Saw kid strike out so hard with a girl on the train. In the course of the ten minutes he spent talking entirely about himself, he covered:
- bragging about how many trumpets he had
- ranking the trumpets
- naming the trumpets "Really Good Trumpet, Also Really Good Trumpet [thoughtful pause] Okay Trumpet, and Really Bad Trumpet" "Oh, when you said you named them I thought you meant like, name names." *aghast* "What? No way, never." Because, you know, that would be weird.
- bragging about winning a Napoleon Dynamite dance competition
- failing to remember the name of the movie Napoleon Dynamite
- bragging about how many points he earned for his house (she doesn't care about points, dude, she goes to Perth Modern not Hogwarts).

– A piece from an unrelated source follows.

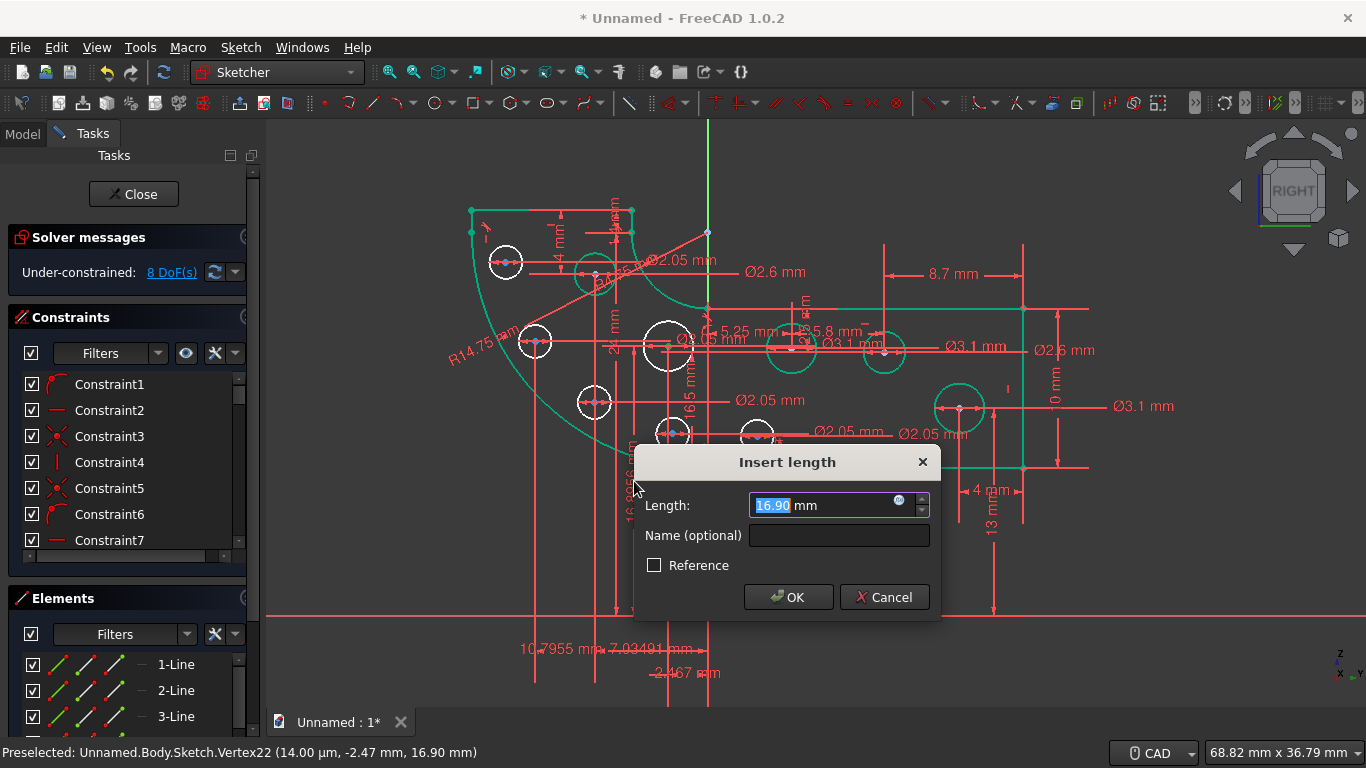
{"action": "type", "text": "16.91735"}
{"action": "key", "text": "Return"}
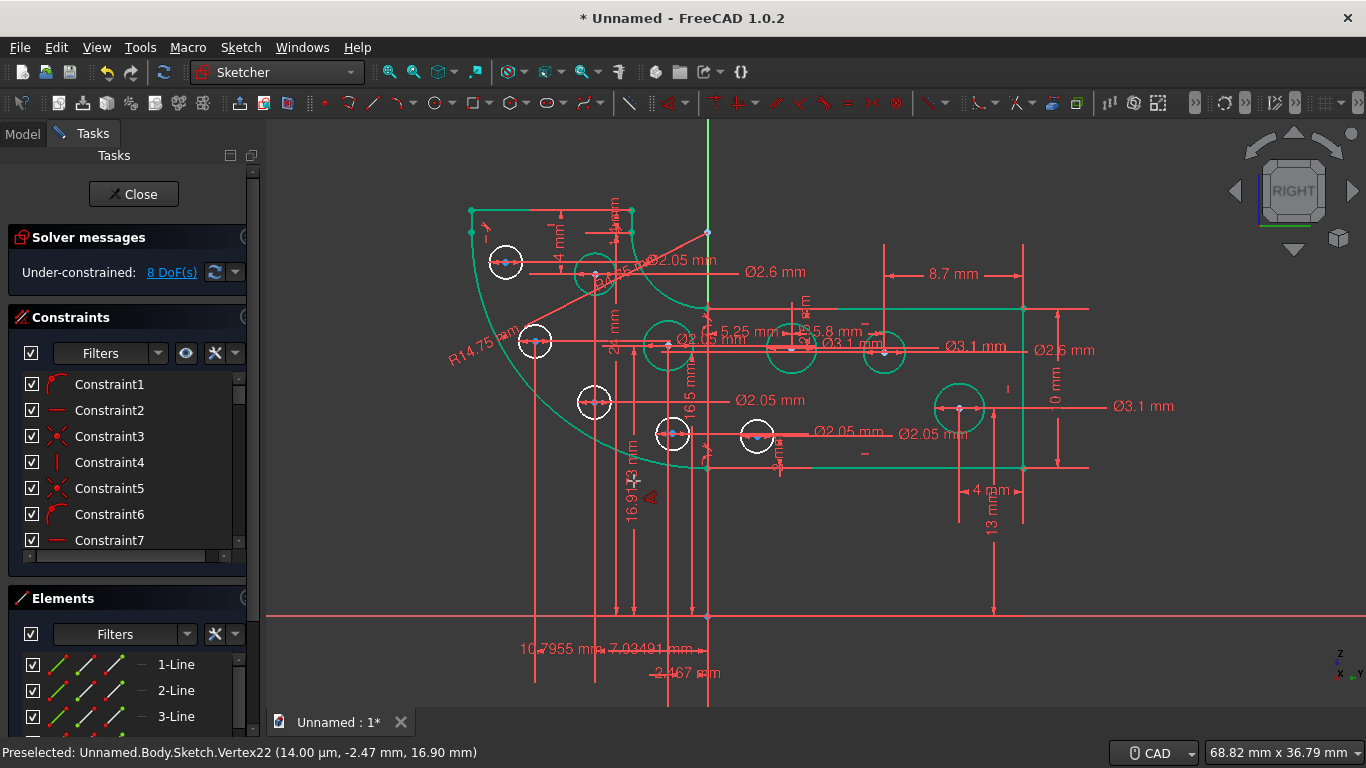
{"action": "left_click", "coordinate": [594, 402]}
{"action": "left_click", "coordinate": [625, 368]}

- explaining in detail how the points system works and how his house won once by a lot
- talked about what animes he wanted to watch but hadn't that were on his "bucket list". THAT'S NOT WHAT A BUCKET LIST IS.
She was sitting there, with her finger marking her place in her book that she was reading when he sat himself down, hoping so obviously she could go back to reading it.
Oh and he had that lisp where you can't pronounce 'r' so go back and read the above again with that in mind. Twumpet.
I tried to play one of these bastard French Horns for about two weeks when I was in primary school. Couldn't do it, I didn't realise that giving them names is apparently the key to unlocking their power.